Der Siebzehndreiundzwanziger
von Wolf Awert

„Guten Tag, Herr Körner, na, wie geht es uns denn heute, darf ich Ihnen meinen Kollegen Dr. Siegel vorstellen, mit seiner, ha, ha, ha, Verstärkung, werden wir schon auf den Grund Ihres Geheimnisses kommen, aber setzen Sie sich doch, Herr Körner.“

Dr. Freund, Psychotherapeut mit einem festen Bein in der Psychoanalyse, blätterte einmal kurz durch Körners umfangreiche Akte.

„Ich rekapituliere noch einmal: Ein Leben nach der Uhr. Waschzwang, Ordnungsdrang verbunden mit dysmorphen Störungen und stark fixierte Traummuster.“

Das Wort „rekapituliere“ wurde von einigen Speichelsprühtröpfchen begleitet.

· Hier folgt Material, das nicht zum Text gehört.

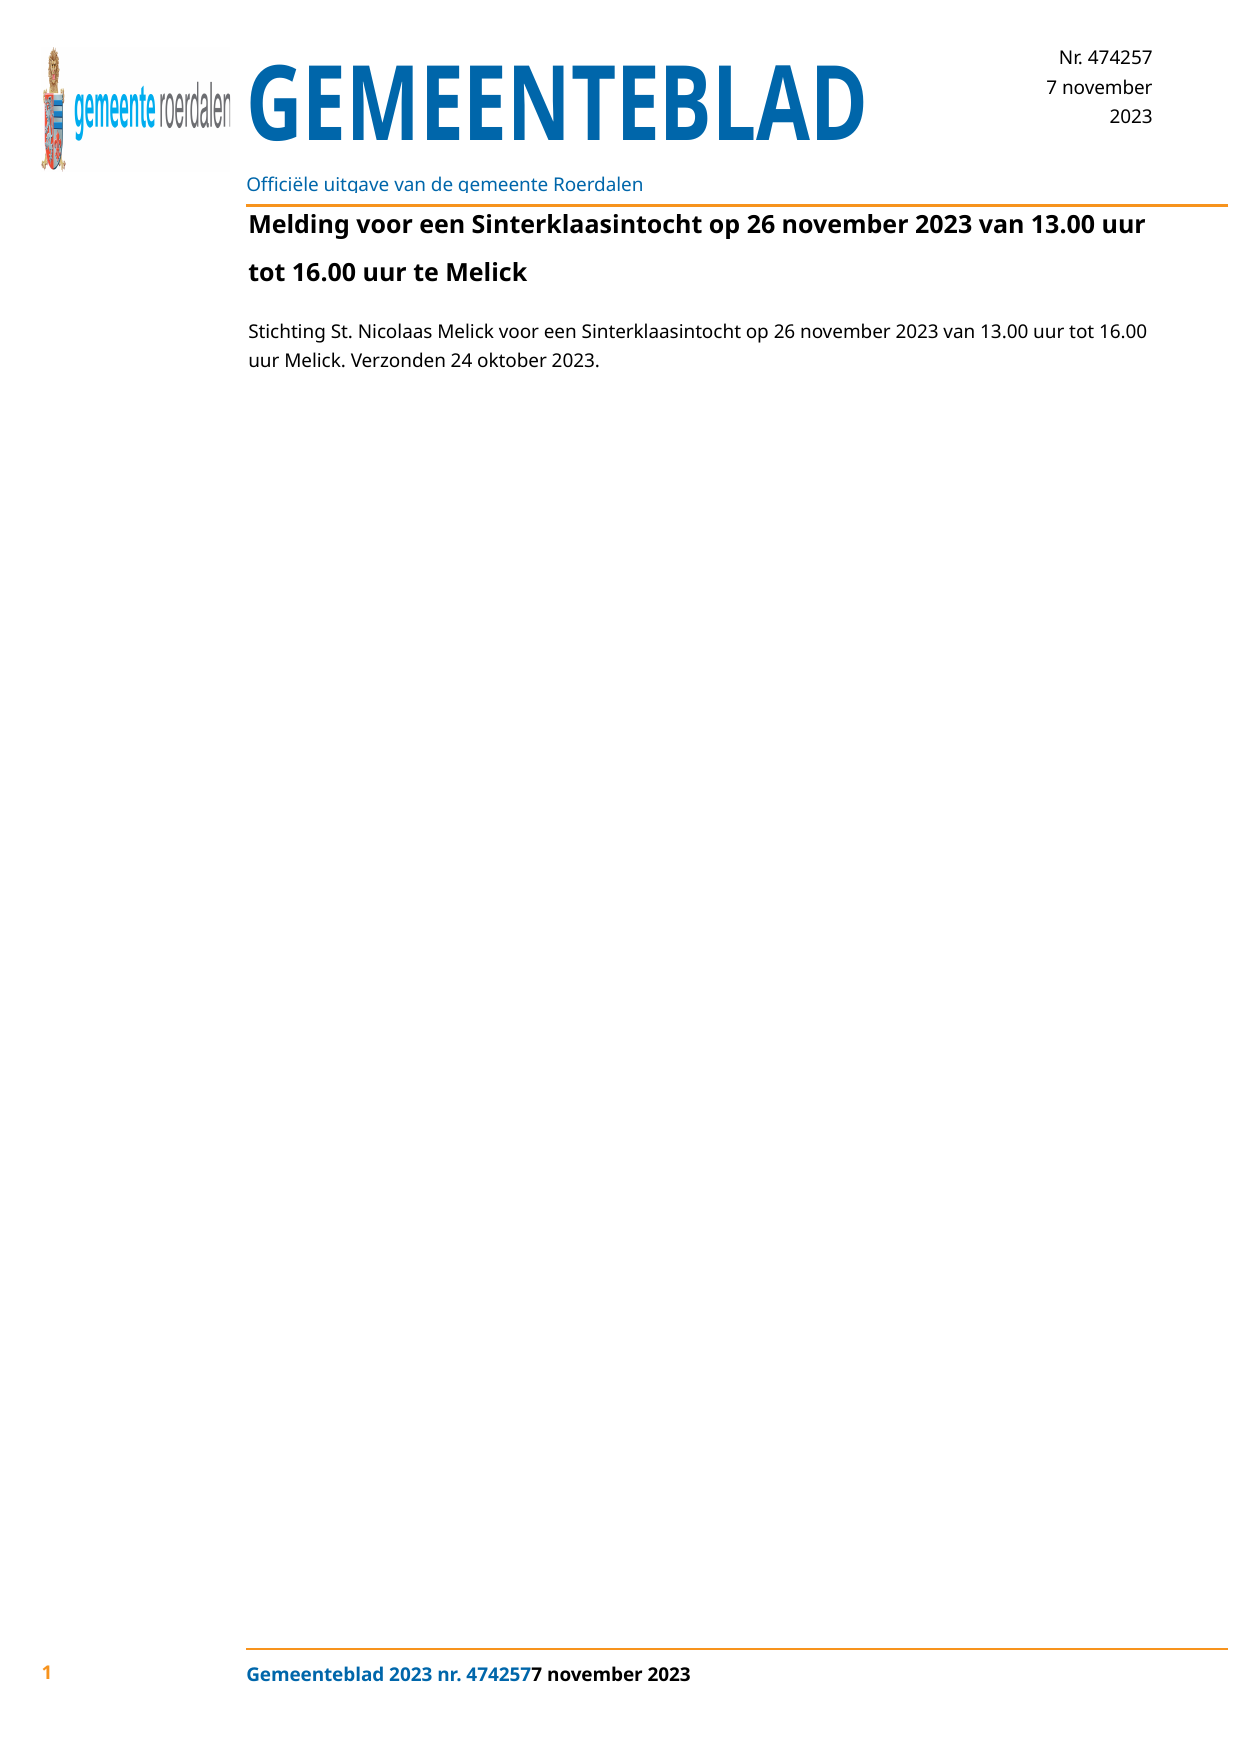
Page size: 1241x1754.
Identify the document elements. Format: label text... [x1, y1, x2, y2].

text Melding voor een Sinterklaasintocht op 26 november 2023 van 13.00 uur tot 16.00 uur te Melick [248, 207, 1152, 288]
picture [41, 47, 231, 172]
text Stichting St. Nicolaas Melick voor een Sinterklaasintocht op 26 november 2023 van 13.00 uur tot 16.00 uur Melick. Verzonden 24 oktober 2023. [248, 318, 1152, 373]

„Neueste Technik“, sagte Dr. Siegel und klappte seinen Laptop auf. „Traumanalysensoftware, Mustererkennungsalgorithmen und moderne Bildverarbeitung. Datenbankgestützt, versteht sich. Das bringt die Psychoanalyse endlich mal auf eine naturwissenschaftliche Grundlage. Welches war denn ihr letzter Traum, Herr Körner? Bestimmt etwas Sexuelles.“

Körner blickte verwirrt umher. Er konnte nicht sagen, welcher von den beiden Ärzte hier das Sagen hatte. Deshalb zog er sich zunächst einmal in sich zurück, schaukelte ein wenig auf seinem Sitz hin und her und antwortete endlich mit monotoner Stimme:

„Es ist eigentlich immer derselbe Traum. Ich steige nach Dienstschluss in den Bus am alten Depot und fahre dann nach Hause.
Eulenwald und Sanddornweg, Siebenweiler, Großkirchplatz.
Da staut es sich dann ein wenig. Weiter geht’s nach
Oberkahlberg, Unterkahlberg, Niederhainsheim, harte Au.
Dort zeigt die Ampel immer Rot. Aber man kann ihn von dort aus schon sehen.“

„Wen sehen?“, fragte Dr. Siegel.

„Na, den Zentralfriedhof. Dann noch das kurze Stück zur Endstation Ossenheim und von da aus wieder zurück.“

„Aber das ist doch ihr ganz normaler Weg von der Arbeit nach Hause. Das verfolgt sie also auch im Schlaf?“

„Nicht ganz. Nach der Arbeit nehme ich immer den Siebzehndreiundzwanziger. Das ist mein Bus. Der bringt mich nach Hause.“

„Und im Schlaf?“

Körner beugte sich vor und setzte eine Verschwörermiene auf.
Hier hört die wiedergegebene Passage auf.